Using the data below, output the first line and every line after it up to and including the line containing "Use camera coordinates", exactly as written and with nothing added.

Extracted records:
______

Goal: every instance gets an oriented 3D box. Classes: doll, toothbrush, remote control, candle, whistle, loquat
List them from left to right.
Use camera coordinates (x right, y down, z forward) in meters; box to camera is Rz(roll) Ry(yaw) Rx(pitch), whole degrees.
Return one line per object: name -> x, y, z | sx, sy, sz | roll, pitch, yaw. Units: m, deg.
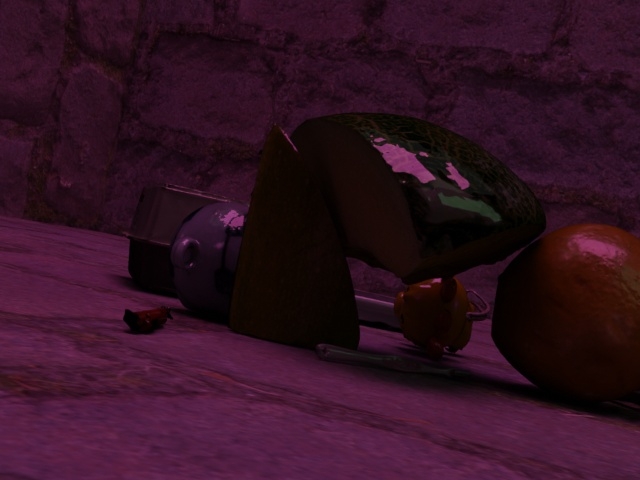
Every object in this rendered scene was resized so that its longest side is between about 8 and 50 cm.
candle -> -0.175, 0.082, 1.049 | 0.026, 0.021, 0.167 | 21, -1, 4
whistle -> -0.106, 0.029, 1.332 | 0.163, 0.163, 0.290 | 11, 0, 30
remote control -> 0.063, 0.116, 1.782 | 0.296, 0.056, 0.140 | 13, 1, -7
toothbrush -> 0.083, 0.138, 1.119 | 0.204, 0.017, 0.022 | 12, -20, -26
doll -> 0.171, 0.106, 1.423 | 0.135, 0.143, 0.221 | 13, -11, 3
loquat -> 0.330, 0.085, 1.172 | 0.246, 0.213, 0.213 | -6, -12, 39

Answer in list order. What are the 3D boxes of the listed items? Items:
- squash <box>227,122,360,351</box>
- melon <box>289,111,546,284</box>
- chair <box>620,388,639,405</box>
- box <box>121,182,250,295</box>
squash -> 0.000, 0.000, 1.192 | 0.169, 0.252, 0.093 | 12, 1, -27
melon -> 0.116, -0.036, 1.159 | 0.331, 0.226, 0.343 | 35, -18, -10
chair -> 0.424, 0.148, 1.346 | 0.147, 0.136, 0.270 | 13, -2, -22
box -> -0.203, 0.004, 1.618 | 0.221, 0.166, 0.290 | 12, 0, -16

______

## Reply
Goal: every instance gets an oriented 3D box. Classes: doll, toothbrush, remote control, candle, whistle, loquat
List them from left to right.
Use camera coordinates (x right, y down, z forward) in meters; box to camera is Rz(roll) Ry(yaw) Rx(pitch), whole degrees.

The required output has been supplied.